WHAT IS EXPECTED: Your task is to reproduce exactly the lines from the one containing "(3^2) = 9\pi$ cm²" through the last line below, both ends included, and nothing else, with no pictures.

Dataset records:
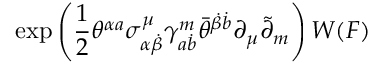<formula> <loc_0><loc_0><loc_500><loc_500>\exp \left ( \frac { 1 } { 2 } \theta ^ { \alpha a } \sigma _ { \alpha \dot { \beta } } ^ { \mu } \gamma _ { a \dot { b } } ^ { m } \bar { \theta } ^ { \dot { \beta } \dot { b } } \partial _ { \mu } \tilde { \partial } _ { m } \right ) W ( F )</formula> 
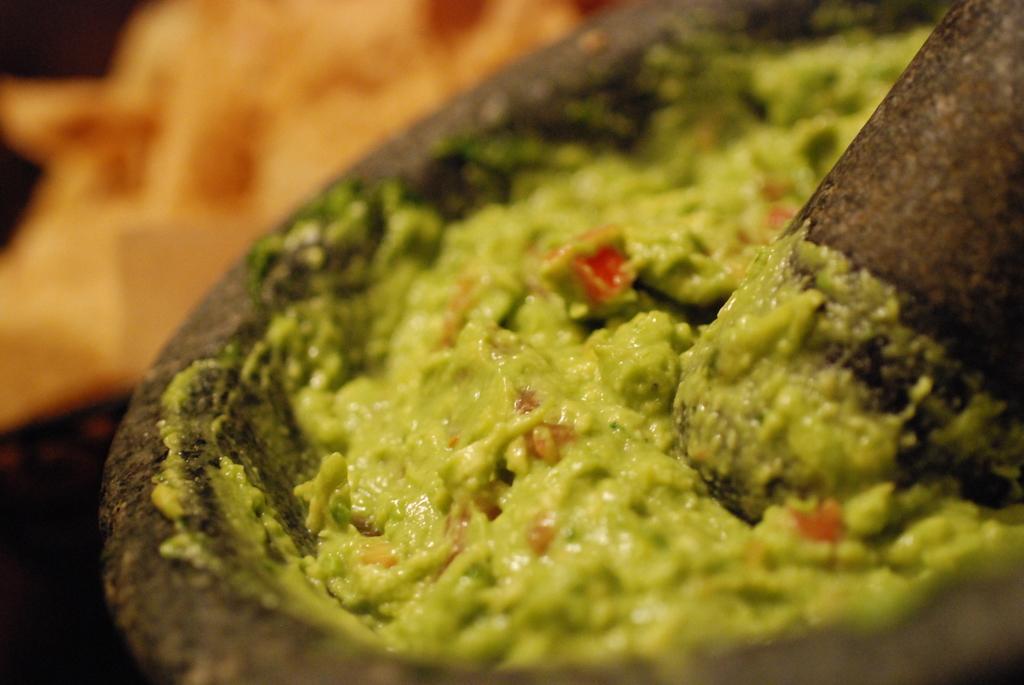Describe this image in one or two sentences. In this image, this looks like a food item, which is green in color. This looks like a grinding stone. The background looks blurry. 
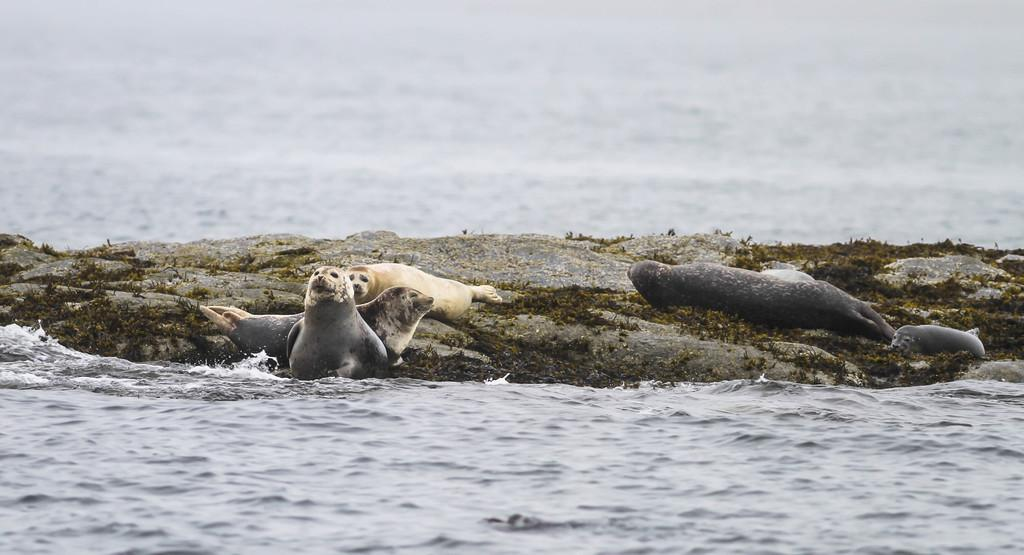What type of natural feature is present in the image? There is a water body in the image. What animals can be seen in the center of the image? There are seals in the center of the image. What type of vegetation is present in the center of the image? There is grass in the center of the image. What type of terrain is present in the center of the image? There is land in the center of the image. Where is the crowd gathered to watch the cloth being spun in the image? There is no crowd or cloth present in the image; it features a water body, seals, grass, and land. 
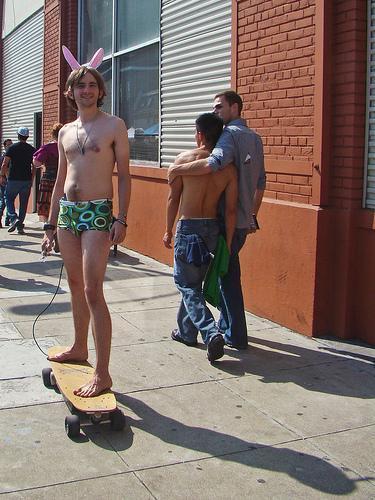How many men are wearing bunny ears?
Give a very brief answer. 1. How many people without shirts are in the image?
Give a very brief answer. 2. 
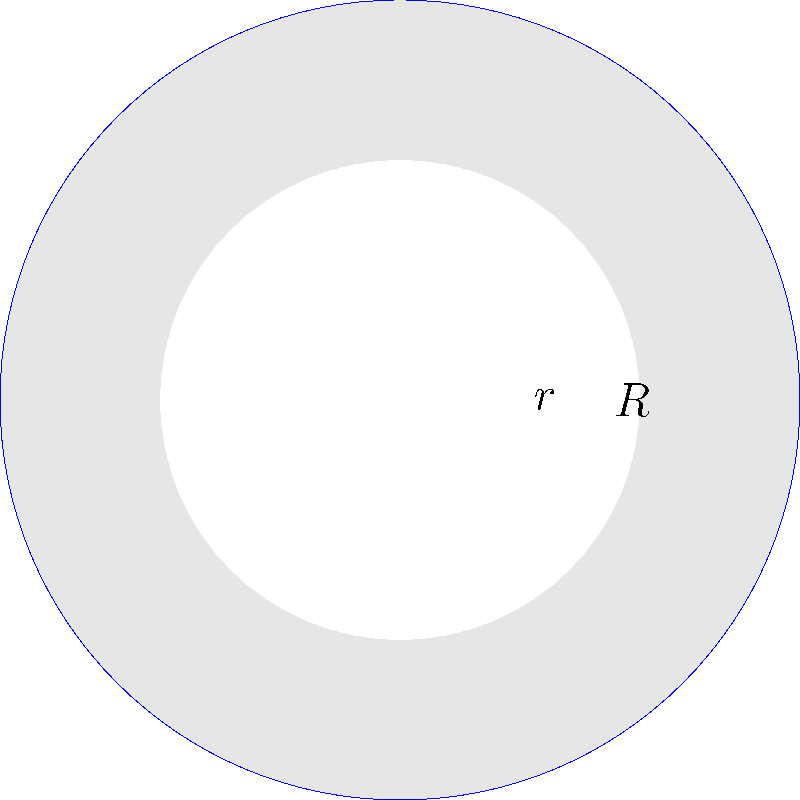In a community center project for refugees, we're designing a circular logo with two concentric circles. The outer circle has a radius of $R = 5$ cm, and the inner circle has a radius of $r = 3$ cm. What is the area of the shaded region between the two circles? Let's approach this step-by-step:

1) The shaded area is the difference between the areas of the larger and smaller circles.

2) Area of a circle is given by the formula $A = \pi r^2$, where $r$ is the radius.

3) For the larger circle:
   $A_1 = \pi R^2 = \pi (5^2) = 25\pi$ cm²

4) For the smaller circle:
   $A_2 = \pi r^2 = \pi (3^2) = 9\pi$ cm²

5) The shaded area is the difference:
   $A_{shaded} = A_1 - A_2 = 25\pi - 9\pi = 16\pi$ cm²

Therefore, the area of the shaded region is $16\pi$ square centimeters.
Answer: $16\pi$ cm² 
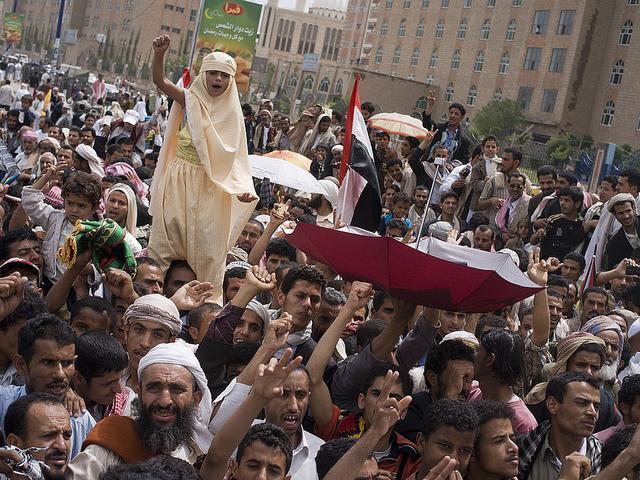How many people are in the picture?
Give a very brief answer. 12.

WRITTEN SOLUTION:
   $A_2 = \pi r^2 = \pi (3^2) = 9\pi$ cm²

5) The shaded area is the difference:
   $A_{shaded} = A_1 - A_2 = 25\pi - 9\pi = 16\pi$ cm²

Therefore, the area of the shaded region is $16\pi$ square centimeters.
Answer: $16\pi$ cm² 
How many people are in the picture?
Give a very brief answer. 12.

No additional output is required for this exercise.